Kashmir and the Future of South Asia

Kashmir and the Future of South Asia
Author: Sugata Bose
Publisher: Routledge
Total Pages: 150
Release: 2020-12-29
Genre: Social Science
ISBN: 1000318729

Download Kashmir and the Future of South Asia Book in PDF, Epub and Kindle

This book uses an innovative people-centered approach to the Kashmir problem to shed new light on why postcolonial partitions remain unfinished and why the wounds of postcolonial nation-state formation in South Asia continue to fester. "Kashmir" is viewed as a metaphor for the permanent internal wars of partition that mark the South Asian experience. Chapters sensitively bring Kashmiri voices to the fore to examine Kashmir in the national discourses of India and Pakistan, resistance in the Kashmiri imagination and the Kashmir conflict in a global context. The book foregrounds how the space of Kashmir as a cultural, historical and political sphere persists and continues to haunt the postcolonial national present as the people of Kashmir and their cultural, literary and artistic productions cannot be contained within the regnant paradigms of the nations across which the region is partitioned. Additionally, the book explores how long-term resolution would demand engagement with historical forces, political actors and social formations that exceed the nation-state. An important contribution to the study of this troubled region, this book will be of interest to academics and researchers of modern South Asian history and politics as well as comparative politics and international relations.

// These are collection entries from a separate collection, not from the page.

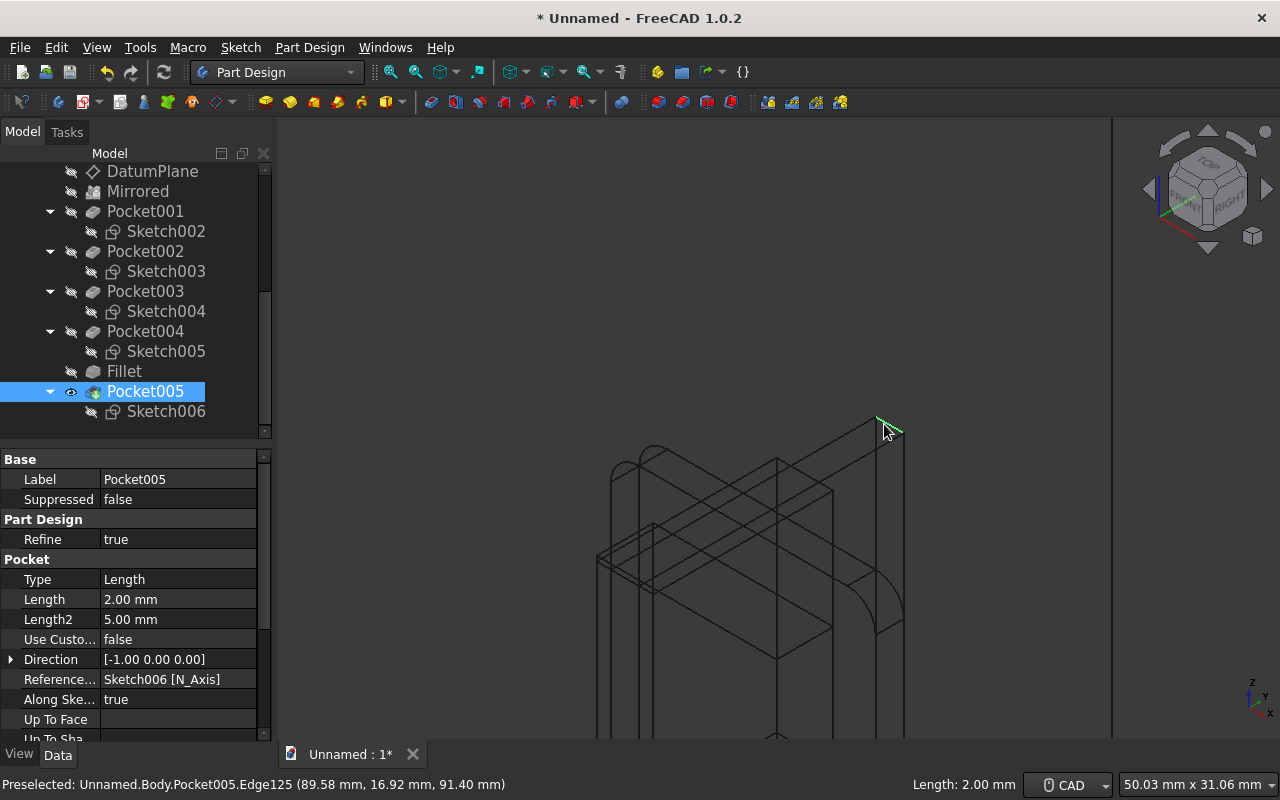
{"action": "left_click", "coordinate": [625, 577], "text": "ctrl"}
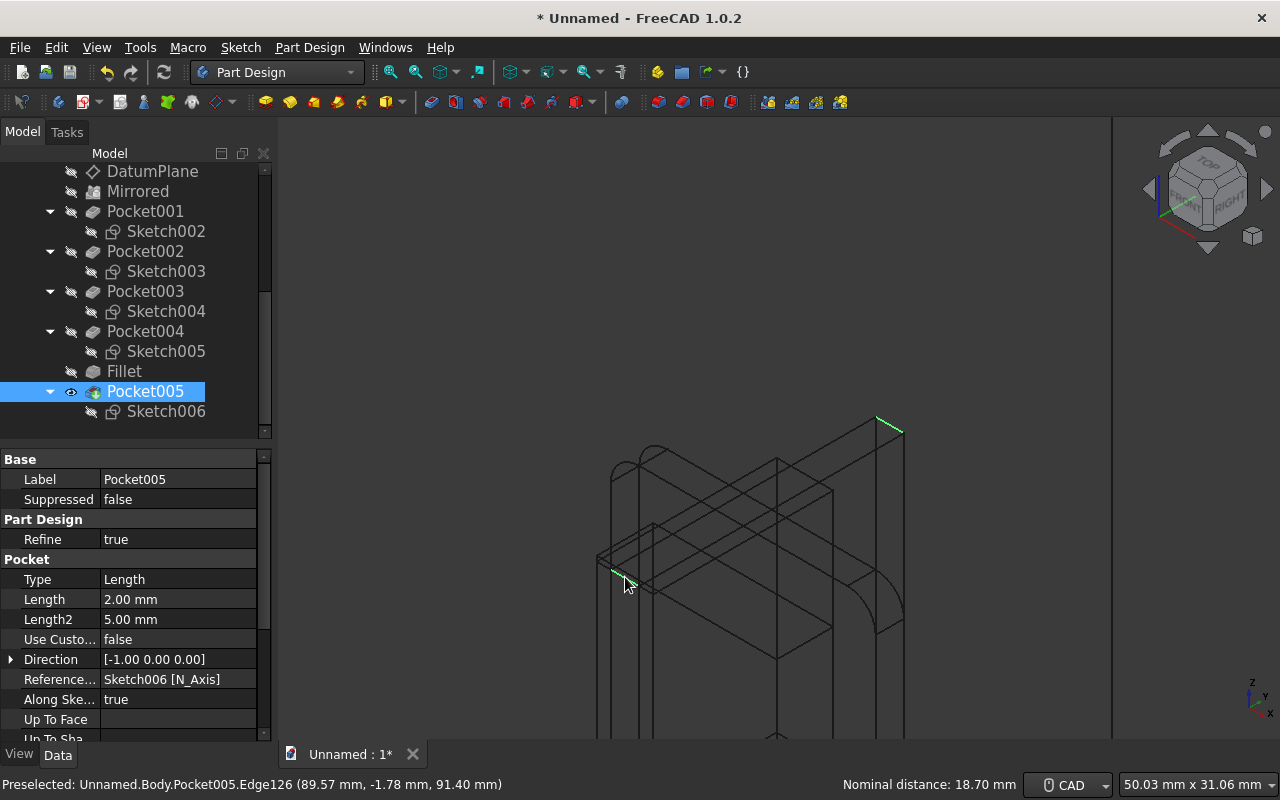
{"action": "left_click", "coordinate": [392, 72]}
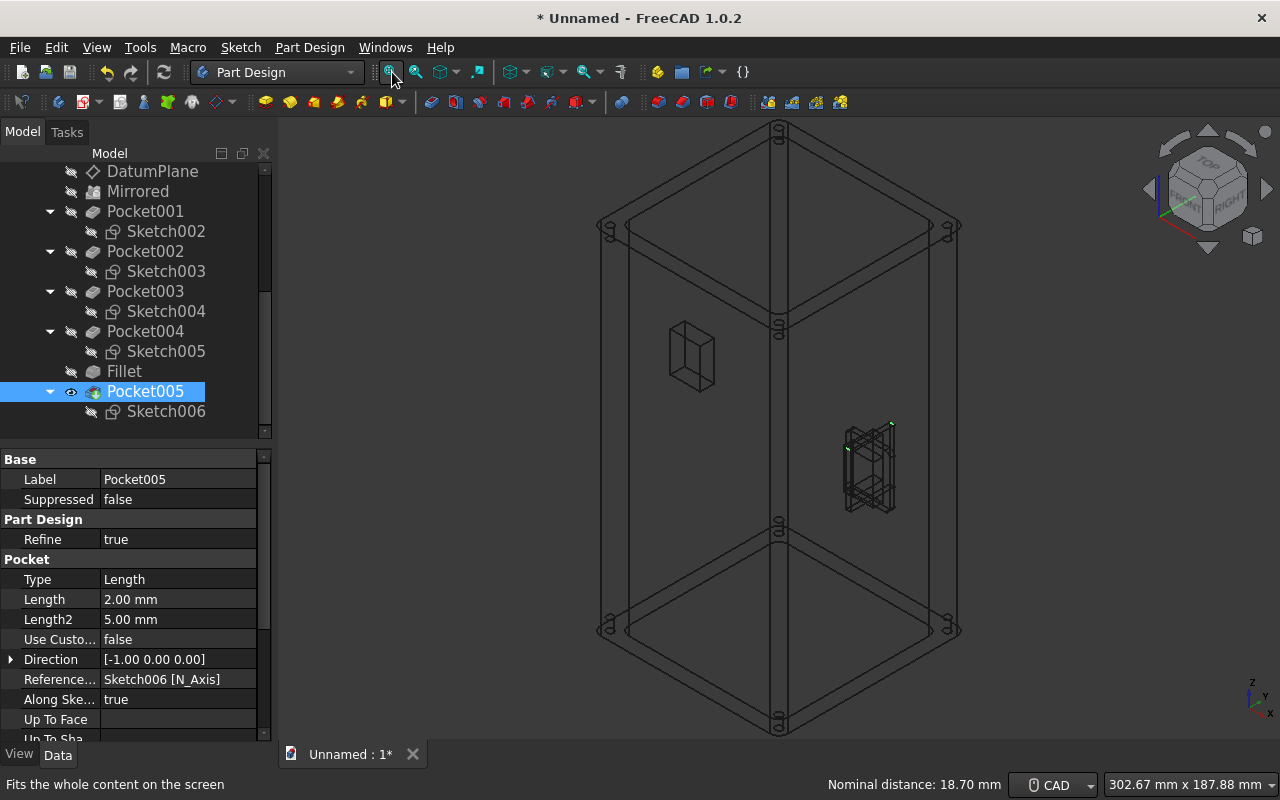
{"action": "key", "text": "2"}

Sheikh Mohammad Abdullah’s Reflections on Kashmir

Sheikh Mohammad Abdullah’s Reflections on Kashmir
Author: Nyla Ali Khan
Publisher: Springer
Total Pages: 243
Release: 2018-01-14
Genre: Political Science
ISBN: 3319501038

Download Sheikh Mohammad Abdullah’s Reflections on Kashmir Book in PDF, Epub and Kindle

This book is a compendium of the speeches and interviews of Sheikh Mohammad Abdullah, who reigned as Prime Minister of the State of Jammu and Kashmir from 1948 to 1953, and who was a large presence on the political landscape of India for fifty years. The volume is designed to enable a student of South Asian politics, and the politics of Kashmir in particular, to analyze the ways in which experiences have been constructed historically and have changed overtime.